Jorge Luis Borges, Geneviève Asse, Les Conjurés 3 Photo © Lou Verschueren
Pour Asse, « la peinture, le dessin, la gravure forment un tout qui avance ensemble. La gravure penche du côté de l’écriture […] ». Si Geneviève Asse aime les poètes, elle a confié que de tous les écrivains qu’elle avait vus, c’est Samuel Beckett qui [l’] a le plus retenue (dans un documentaire de Florence Camarroque, Geneviève Asse. Entre ciel et mer). La femme de l’écrivain s’approvisionnait dans une boutique tenue par la mère de l’artiste boulevard Blanqui, ce qui facilita un premier contact. Beckett lui confiera un texte court, Abandonné, pour lequel Asse a créé douze petites gravures à la pointe sèche.

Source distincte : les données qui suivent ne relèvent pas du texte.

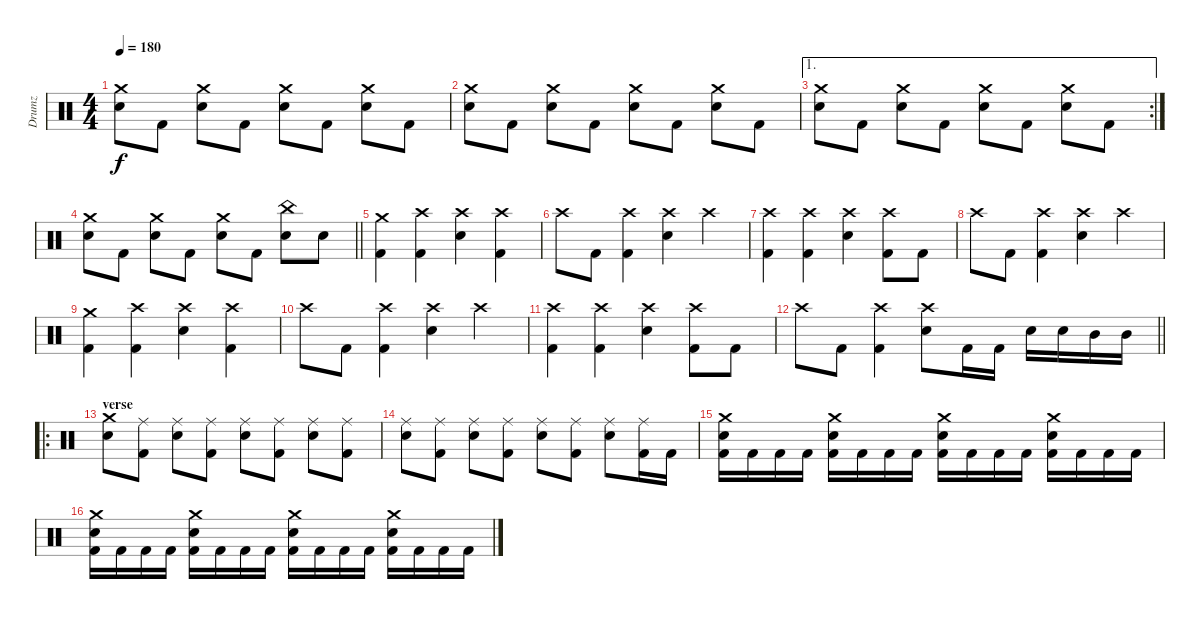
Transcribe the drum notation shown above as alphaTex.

\track ("Drumz" "Drumz") {instrument percussion}
\staff {score}
\articulation defaults
\ts (4 4)
\tempo 180
\clef neutral
\ks c
("Crash medium (hit)" "Electric Snare (hit)").8{dy f} "Kick (hit) 2".8 ("Crash medium (hit)" "Electric Snare (hit)").8 "Kick (hit) 2".8 ("Crash medium (hit)" "Electric Snare (hit)").8 "Kick (hit) 2".8 ("Crash medium (hit)" "Electric Snare (hit)").8 "Kick (hit) 2".8 |
("Crash medium (hit)" "Electric Snare (hit)").8 "Kick (hit) 2".8 ("Crash medium (hit)" "Electric Snare (hit)").8 "Kick (hit) 2".8 ("Crash medium (hit)" "Electric Snare (hit)").8 "Kick (hit) 2".8 ("Crash medium (hit)" "Electric Snare (hit)").8 "Kick (hit) 2".8 |
\ae 1
\rc 2
("Crash medium (hit)" "Electric Snare (hit)").8 "Kick (hit) 2".8 ("Crash medium (hit)" "Electric Snare (hit)").8 "Kick (hit) 2".8 ("Crash medium (hit)" "Electric Snare (hit)").8 "Kick (hit) 2".8 ("Crash medium (hit)" "Electric Snare (hit)").8 "Kick (hit) 2".8 |
\barLineRight lightlight
("Crash medium (hit)" "Electric Snare (hit)").8 "Kick (hit) 2".8 ("Crash medium (hit)" "Electric Snare (hit)").8 "Kick (hit) 2".8 ("Crash medium (hit)" "Electric Snare (hit)").8 "Kick (hit) 2".8 ("China (hit)" "Electric Snare (hit)").8 "Electric Snare (hit)".8 |
\section ("" "")
("Crash medium (hit)" "Kick (hit) 2").4 ("Crash high (hit)" "Kick (hit) 2").4 ("Crash high (hit)" "Electric Snare (hit)").4 ("Crash high (hit)" "Kick (hit) 2").4 |
"Crash high (hit)".8 "Kick (hit) 2".8 ("Crash high (hit)" "Kick (hit) 2").4 ("Crash high (hit)" "Electric Snare (hit)").4 "Crash high (hit)".4 |
("Crash high (hit)" "Kick (hit) 2").4 ("Crash high (hit)" "Kick (hit) 2").4 ("Crash high (hit)" "Electric Snare (hit)").4 ("Crash high (hit)" "Kick (hit) 2").8 "Kick (hit) 2".8 |
"Crash high (hit)".8 "Kick (hit) 2".8 ("Crash high (hit)" "Kick (hit) 2").4 ("Crash high (hit)" "Electric Snare (hit)").4 "Crash high (hit)".4 |
("Crash medium (hit)" "Kick (hit) 2").4 ("Crash high (hit)" "Kick (hit) 2").4 ("Crash high (hit)" "Electric Snare (hit)").4 ("Crash high (hit)" "Kick (hit) 2").4 |
"Crash high (hit)".8 "Kick (hit) 2".8 ("Crash high (hit)" "Kick (hit) 2").4 ("Crash high (hit)" "Electric Snare (hit)").4 "Crash high (hit)".4 |
("Crash high (hit)" "Kick (hit) 2").4 ("Crash high (hit)" "Kick (hit) 2").4 ("Crash high (hit)" "Electric Snare (hit)").4 ("Crash high (hit)" "Kick (hit) 2").8 "Kick (hit) 2".8 |
\barLineRight lightlight "Crash high (hit)".8 "Kick (hit) 2".8
("Crash high (hit)" "Kick (hit) 2").4 ("Crash high (hit)" "Electric Snare (hit)").8 "Kick (hit) 2".16 "Kick (hit) 2".16 "Electric Snare (hit)".16 "Electric Snare (hit)".16 "Mid Tom (hit)".16 "Mid Tom (hit)".16 |
\ro
\section ("" "verse")
("Crash medium (hit)" "Electric Snare (hit)").8 ("Ride (middle)" "Kick (hit) 2").8 ("Ride (middle)" "Electric Snare (hit)").8 ("Ride (middle)" "Kick (hit) 2").8 ("Ride (middle)" "Electric Snare (hit)").8 ("Ride (middle)" "Kick (hit) 2").8 ("Ride (middle)" "Electric Snare (hit)").8 ("Ride (middle)" "Kick (hit) 2").8 |
("Ride (middle)" "Electric Snare (hit)").8 ("Ride (middle)" "Kick (hit) 2").8 ("Ride (middle)" "Electric Snare (hit)").8 ("Ride (middle)" "Kick (hit) 2").8 ("Ride (middle)" "Electric Snare (hit)").8 ("Ride (middle)" "Kick (hit) 2").8 ("Ride (middle)" "Electric Snare (hit)").8 ("Ride (middle)" "Kick (hit) 2").16 "Kick (hit) 2".16 |
("Crash medium (hit)" "Electric Snare (hit)" "Kick (hit) 2").16 "Kick (hit) 2".16 "Kick (hit) 2".16 "Kick (hit) 2".16 ("Crash medium (hit)" "Electric Snare (hit)" "Kick (hit) 2").16 "Kick (hit) 2".16 "Kick (hit) 2".16 "Kick (hit) 2".16 ("Crash medium (hit)" "Electric Snare (hit)" "Kick (hit) 2").16 "Kick (hit) 2".16 "Kick (hit) 2".16 "Kick (hit) 2".16 ("Crash medium (hit)" "Electric Snare (hit)" "Kick (hit) 2").16 "Kick (hit) 2".16 "Kick (hit) 2".16 "Kick (hit) 2".16 |
("Crash medium (hit)" "Electric Snare (hit)" "Kick (hit) 2").16 "Kick (hit) 2".16 "Kick (hit) 2".16 "Kick (hit) 2".16 ("Crash medium (hit)" "Electric Snare (hit)" "Kick (hit) 2").16 "Kick (hit) 2".16 "Kick (hit) 2".16 "Kick (hit) 2".16 ("Crash medium (hit)" "Electric Snare (hit)" "Kick (hit) 2").16 "Kick (hit) 2".16 "Kick (hit) 2".16 "Kick (hit) 2".16 ("Crash medium (hit)" "Electric Snare (hit)" "Kick (hit) 2").16 "Kick (hit) 2".16 "Kick (hit) 2".16 "Kick (hit) 2".16
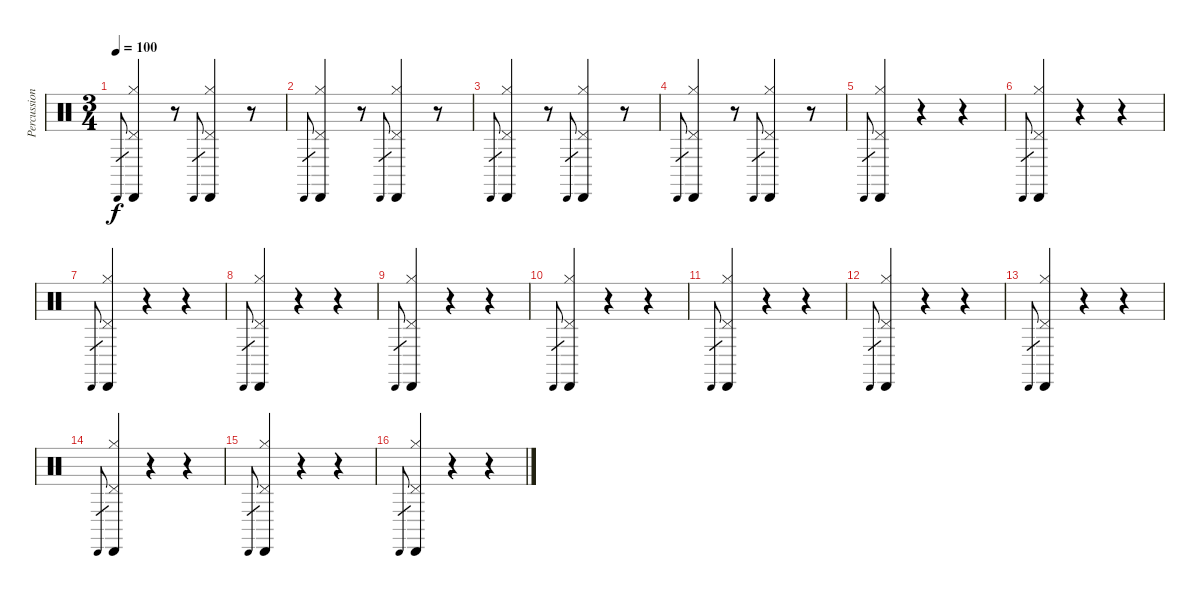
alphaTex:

\track ("Percussion" "Percussion") {instrument percussion}
\staff {score}
\articulation defaults
\ts (3 4)
\tempo 100
\clef neutral
\ks c "Cabasa (hit)".8{gr dy f}
("Pedal Hi-Hat (hit)" "Cabasa (hit)" "Hi-Hat (closed)").4 r.8 "Cabasa (hit)".8{gr} ("Pedal Hi-Hat (hit)" "Cabasa (hit)" "Hi-Hat (closed)").4 r.8 |
"Cabasa (hit)".8{gr} ("Pedal Hi-Hat (hit)" "Cabasa (hit)" "Hi-Hat (closed)").4 r.8 "Cabasa (hit)".8{gr} ("Pedal Hi-Hat (hit)" "Cabasa (hit)" "Hi-Hat (closed)").4 r.8 |
"Cabasa (hit)".8{gr} ("Pedal Hi-Hat (hit)" "Cabasa (hit)" "Hi-Hat (closed)").4 r.8 "Cabasa (hit)".8{gr} ("Pedal Hi-Hat (hit)" "Cabasa (hit)" "Hi-Hat (closed)").4 r.8 |
"Cabasa (hit)".8{gr} ("Pedal Hi-Hat (hit)" "Cabasa (hit)" "Hi-Hat (closed)").4 r.8 "Cabasa (hit)".8{gr} ("Pedal Hi-Hat (hit)" "Cabasa (hit)" "Hi-Hat (closed)").4 r.8 |
"Cabasa (hit)".8{gr} ("Pedal Hi-Hat (hit)" "Cabasa (hit)" "Hi-Hat (closed)").4 r.4 r.4 |
"Cabasa (hit)".8{gr} ("Pedal Hi-Hat (hit)" "Cabasa (hit)" "Hi-Hat (closed)").4 r.4 r.4 |
"Cabasa (hit)".8{gr} ("Pedal Hi-Hat (hit)" "Cabasa (hit)" "Hi-Hat (closed)").4 r.4 r.4 |
"Cabasa (hit)".8{gr} ("Pedal Hi-Hat (hit)" "Cabasa (hit)" "Hi-Hat (closed)").4 r.4 r.4 |
"Cabasa (hit)".8{gr} ("Pedal Hi-Hat (hit)" "Cabasa (hit)" "Hi-Hat (closed)").4 r.4 r.4 |
"Cabasa (hit)".8{gr} ("Pedal Hi-Hat (hit)" "Cabasa (hit)" "Hi-Hat (closed)").4 r.4 r.4 |
"Cabasa (hit)".8{gr} ("Pedal Hi-Hat (hit)" "Cabasa (hit)" "Hi-Hat (closed)").4 r.4 r.4 |
"Cabasa (hit)".8{gr} ("Pedal Hi-Hat (hit)" "Cabasa (hit)" "Hi-Hat (closed)").4 r.4 r.4 |
"Cabasa (hit)".8{gr} ("Pedal Hi-Hat (hit)" "Cabasa (hit)" "Hi-Hat (closed)").4 r.4 r.4 |
"Cabasa (hit)".8{gr} ("Pedal Hi-Hat (hit)" "Cabasa (hit)" "Hi-Hat (closed)").4 r.4 r.4 |
"Cabasa (hit)".8{gr} ("Pedal Hi-Hat (hit)" "Cabasa (hit)" "Hi-Hat (closed)").4 r.4 r.4 |
"Cabasa (hit)".8{gr} ("Pedal Hi-Hat (hit)" "Cabasa (hit)" "Hi-Hat (closed)").4 r.4 r.4
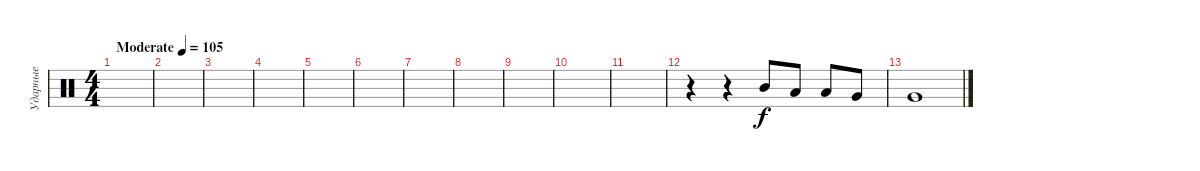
\track ("Ударные" "Ударные") {instrument percussion}
\staff {score}
\articulation defaults
\ts (4 4)
\tempo (105 "Moderate")
\clef neutral
\ks c
|
|
|
|
|
|
|
|
|
|
|
r.4 r.4 "Mid Tom (hit)".8 "Low Tom (hit)".8 "Low Tom (hit)".8 "Very Low Tom (hit)".8 |
"Very Low Tom (hit)".1
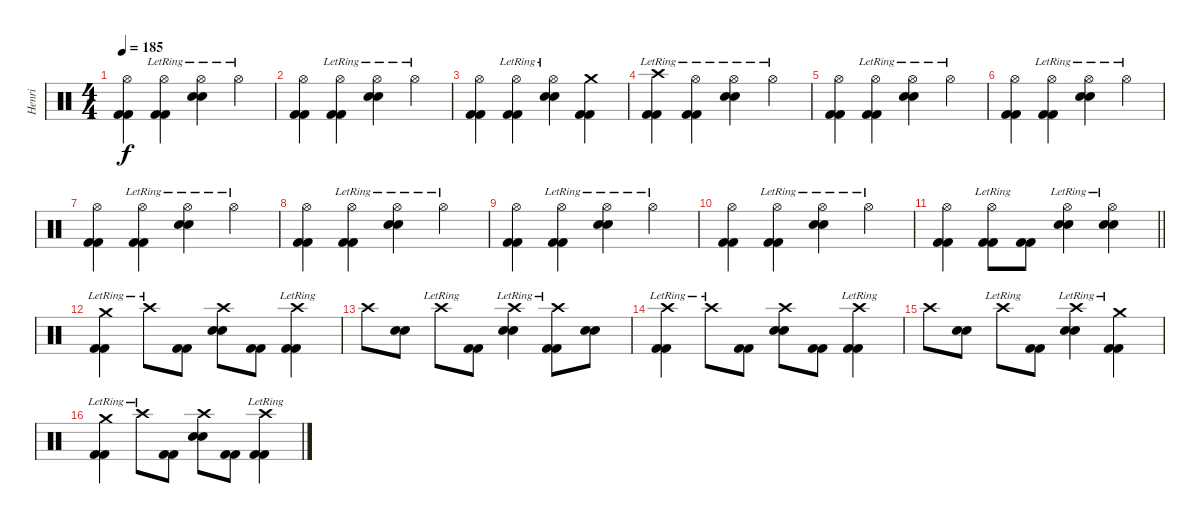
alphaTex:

\track ("Henri" "Henri") {instrument percussion}
\staff {score}
\articulation defaults
\ts (4 4)
\tempo 185
\clef neutral
\ks c
("Hi-Hat (open)" "Kick (hit) 2" "Kick (hit) 2").4{dy f} ("Hi-Hat (open)"{lr} "Kick (hit) 2" "Kick (hit) 2").4 ("Hi-Hat (open)"{lr} "Snare (hit) 2" "Snare (hit) 2").4 "Hi-Hat (open)"{lr}.4 |
("Hi-Hat (open)" "Kick (hit) 2" "Kick (hit) 2").4 ("Hi-Hat (open)"{lr} "Kick (hit) 2" "Kick (hit) 2").4 ("Hi-Hat (open)"{lr} "Snare (hit) 2" "Snare (hit) 2").4 "Hi-Hat (open)"{lr}.4 |
("Hi-Hat (open)" "Kick (hit) 2" "Kick (hit) 2").4 ("Hi-Hat (open)"{lr} "Kick (hit) 2" "Kick (hit) 2").4 ("Hi-Hat (open)"{lr} "Snare (hit) 2" "Snare (hit) 2").4 ("Crash medium (hit)" "Kick (hit) 2" "Kick (hit) 2").4 |
("Crash high (hit)"{lr} "Kick (hit) 2" "Kick (hit) 2").4 ("Hi-Hat (open)"{lr} "Kick (hit) 2" "Kick (hit) 2").4 ("Hi-Hat (open)"{lr} "Snare (hit) 2" "Snare (hit) 2").4 "Hi-Hat (open)"{lr}.4 |
("Hi-Hat (open)" "Kick (hit) 2" "Kick (hit) 2").4 ("Hi-Hat (open)"{lr} "Kick (hit) 2" "Kick (hit) 2").4 ("Hi-Hat (open)"{lr} "Snare (hit) 2" "Snare (hit) 2").4 "Hi-Hat (open)"{lr}.4 |
("Hi-Hat (open)" "Kick (hit) 2" "Kick (hit) 2").4 ("Hi-Hat (open)"{lr} "Kick (hit) 2" "Kick (hit) 2").4 ("Hi-Hat (open)"{lr} "Snare (hit) 2" "Snare (hit) 2").4 "Hi-Hat (open)"{lr}.4 |
("Hi-Hat (open)" "Kick (hit) 2" "Kick (hit) 2").4 ("Hi-Hat (open)"{lr} "Kick (hit) 2" "Kick (hit) 2").4 ("Hi-Hat (open)"{lr} "Snare (hit) 2" "Snare (hit) 2").4 "Hi-Hat (open)"{lr}.4 |
("Hi-Hat (open)" "Kick (hit) 2" "Kick (hit) 2").4 ("Hi-Hat (open)"{lr} "Kick (hit) 2" "Kick (hit) 2").4 ("Hi-Hat (open)"{lr} "Snare (hit) 2" "Snare (hit) 2").4 "Hi-Hat (open)"{lr}.4 |
("Hi-Hat (open)" "Kick (hit) 2" "Kick (hit) 2").4 ("Hi-Hat (open)"{lr} "Kick (hit) 2" "Kick (hit) 2").4 ("Hi-Hat (open)"{lr} "Snare (hit) 2" "Snare (hit) 2").4 "Hi-Hat (open)"{lr}.4 |
("Hi-Hat (open)" "Kick (hit) 2" "Kick (hit) 2").4 ("Hi-Hat (open)"{lr} "Kick (hit) 2" "Kick (hit) 2").4 ("Hi-Hat (open)"{lr} "Snare (hit) 2" "Snare (hit) 2").4 "Hi-Hat (open)"{lr}.4 |
\barLineRight lightlight
("Hi-Hat (open)" "Kick (hit) 2" "Kick (hit) 2").4 ("Hi-Hat (open)"{lr} "Kick (hit) 2" "Kick (hit) 2").8 ("Kick (hit) 2" "Kick (hit) 2").8 ("Hi-Hat (open)"{lr} "Snare (hit) 2" "Snare (hit) 2").4 ("Hi-Hat (open)"{lr} "Snare (hit) 2" "Snare (hit) 2").4 |
("Crash medium (hit)"{lr} "Kick (hit) 2" "Kick (hit) 2").4 "Crash high (hit)"{lr}.8 ("Kick (hit) 2" "Kick (hit) 2").8 ("Crash high (hit)" "Snare (hit) 2" "Snare (hit) 2").8 ("Kick (hit) 2" "Kick (hit) 2").8 ("Crash high (hit)"{lr} "Kick (hit) 2" "Kick (hit) 2").4 |
"Crash high (hit)".8 ("Snare (hit) 2" "Snare (hit) 2").8 "Crash high (hit)"{lr}.8 ("Kick (hit) 2" "Kick (hit) 2").8 ("Crash high (hit)"{lr} "Snare (hit) 2" "Snare (hit) 2").4 ("Crash high (hit)"{lr} "Kick (hit) 2" "Kick (hit) 2").8 ("Snare (hit) 2" "Snare (hit) 2").8 |
("Crash high (hit)"{lr} "Kick (hit) 2" "Kick (hit) 2").4 "Crash high (hit)"{lr}.8 ("Kick (hit) 2" "Kick (hit) 2").8 ("Crash high (hit)" "Snare (hit) 2" "Snare (hit) 2").8 ("Kick (hit) 2" "Kick (hit) 2").8 ("Crash high (hit)"{lr} "Kick (hit) 2" "Kick (hit) 2").4 |
"Crash high (hit)".8 ("Snare (hit) 2" "Snare (hit) 2").8 "Crash high (hit)"{lr}.8 ("Kick (hit) 2" "Kick (hit) 2").8 ("Crash high (hit)"{lr} "Snare (hit) 2" "Snare (hit) 2").4 ("Crash medium (hit)"{lr} "Kick (hit) 2" "Kick (hit) 2").4 |
("Crash medium (hit)"{lr} "Kick (hit) 2" "Kick (hit) 2").4 "Crash high (hit)"{lr}.8 ("Kick (hit) 2" "Kick (hit) 2").8 ("Crash high (hit)" "Snare (hit) 2" "Snare (hit) 2").8 ("Kick (hit) 2" "Kick (hit) 2").8 ("Crash high (hit)"{lr} "Kick (hit) 2" "Kick (hit) 2").4

Samuel Beckett, Geneviève Asse, Abandonné, Paris, 1971 Photo © Lou Verschueren
« Bon qu’à ça », avait répondu Beckett à une enquête de Libération (Pourquoi écrivez-vous ?, 1985). Geneviève Asse reprend cette réponse à son compte au micro de Laure Adler (France culture, 2010) où on peut l’écouter parler de son travail – « J’essaye d’y mettre ma lumière » – et un peu d’elle-même : « Je suis une silencieuse. » Entre le ciel et la mer, qu’y a-t-il ? L’horizon. Une ligne.
Geneviève Asse, Carnet de peintre. Le bleu Asse Photo © Lou Verschueren
En fin de parcours, dans une salle voisine, on peut admirer de magnifiques reliures sur des livres édités par Pierre Lecuire, du Fonds Michel Wittock (Fondation Roi Baudouin). On aimerait toucher, feuilleter ces beaux ouvrages, comme le font ces mains sur plusieurs vidéos de Simon Malotaux projetées à l’exposition, ouvrant l’un ou l’autre livre ou carnet. A la Bibliotheca Wittockiana, Geneviève Asse – Une fenêtre sur le livre offre une approche très intéressante d’une grande artiste. A découvrir jusqu’au 30 janvier 2022.